А потом мы уснули, как раньше, когда ночевали в шалаше и звезды светили сквозь ветки, когда Асмунд обнимал меня просто, чтобы согреть и дать чувство защищенности. Утром он уехал по делу в Асприн и вернулся только на следующий день.

Я не находила себе места все это время. Мне было так грустно и тревожно, я испытывала необъяснимую тоску и смятение. Сердце болело, сама не знаю почему.

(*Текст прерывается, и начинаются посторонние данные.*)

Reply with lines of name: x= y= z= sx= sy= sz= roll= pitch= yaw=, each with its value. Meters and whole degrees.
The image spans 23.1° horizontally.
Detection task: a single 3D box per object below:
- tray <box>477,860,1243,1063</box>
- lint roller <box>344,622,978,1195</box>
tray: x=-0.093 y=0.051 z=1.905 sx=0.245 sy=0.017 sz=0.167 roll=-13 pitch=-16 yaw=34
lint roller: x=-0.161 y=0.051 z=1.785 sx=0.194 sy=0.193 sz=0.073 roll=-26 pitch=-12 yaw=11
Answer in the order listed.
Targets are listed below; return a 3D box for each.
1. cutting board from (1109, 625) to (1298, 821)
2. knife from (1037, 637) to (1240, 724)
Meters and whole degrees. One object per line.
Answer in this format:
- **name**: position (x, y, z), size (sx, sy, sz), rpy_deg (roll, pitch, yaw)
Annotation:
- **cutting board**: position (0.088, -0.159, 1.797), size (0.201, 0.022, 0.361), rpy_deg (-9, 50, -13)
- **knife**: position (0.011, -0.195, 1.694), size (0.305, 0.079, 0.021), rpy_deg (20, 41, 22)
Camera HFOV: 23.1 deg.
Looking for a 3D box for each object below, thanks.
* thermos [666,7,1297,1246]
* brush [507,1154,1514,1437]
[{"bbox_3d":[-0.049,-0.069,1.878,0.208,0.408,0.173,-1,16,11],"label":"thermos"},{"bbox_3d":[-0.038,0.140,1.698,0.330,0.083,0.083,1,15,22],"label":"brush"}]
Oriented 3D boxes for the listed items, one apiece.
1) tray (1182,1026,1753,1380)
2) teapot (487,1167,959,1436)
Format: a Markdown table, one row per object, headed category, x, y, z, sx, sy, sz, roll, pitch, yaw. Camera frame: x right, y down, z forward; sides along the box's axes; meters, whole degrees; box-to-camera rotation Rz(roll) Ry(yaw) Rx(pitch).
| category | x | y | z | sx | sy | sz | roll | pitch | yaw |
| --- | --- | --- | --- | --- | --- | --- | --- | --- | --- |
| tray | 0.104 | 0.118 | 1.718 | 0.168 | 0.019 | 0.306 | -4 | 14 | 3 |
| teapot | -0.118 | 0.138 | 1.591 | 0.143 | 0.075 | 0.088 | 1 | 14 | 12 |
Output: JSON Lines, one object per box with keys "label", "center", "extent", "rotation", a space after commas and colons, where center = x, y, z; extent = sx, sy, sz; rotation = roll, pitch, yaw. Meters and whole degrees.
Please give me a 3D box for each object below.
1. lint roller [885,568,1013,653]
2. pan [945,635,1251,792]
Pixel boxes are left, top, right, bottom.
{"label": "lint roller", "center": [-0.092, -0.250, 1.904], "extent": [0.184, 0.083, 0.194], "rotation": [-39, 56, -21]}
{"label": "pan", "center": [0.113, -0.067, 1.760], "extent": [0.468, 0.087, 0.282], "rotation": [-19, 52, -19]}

Асмунд вернулся вечером следующего дня в очень странном, даже подавленном настроении. Меня это сильно расстроило, я подумала, что из-за меня, может он подумал…что я испорченная или что-то такое… И еще две странные вещи – он был ранен, хоть и легко. Глубокий длинный порез на плече. Он отказался со мной объясняться на эту тему и даже толком не показал рану. Наверное, ввязался в какую-то драку, потому, что был зол. Кого-то задирал, чтобы дать выход гневу.

И еще – он был без меча. Достал свой старый, Клайдеб, который был у него, когда мы только познакомились. И привез мне утренний дар. Вот это кольцо. Правда, очень красивое и необычное. Может он за ним и ездил? Неужели обменял меч на кольцо? Это совершенно немыслимо, отдать такой меч. Или пришлось, потому, что потерпел поражение в поединке? Но этого тоже никак не могло бы быть. Такой меч он ни за что не позволил бы взять противнику, пока жив. Я мучилась, гадала, но не решилась спросить.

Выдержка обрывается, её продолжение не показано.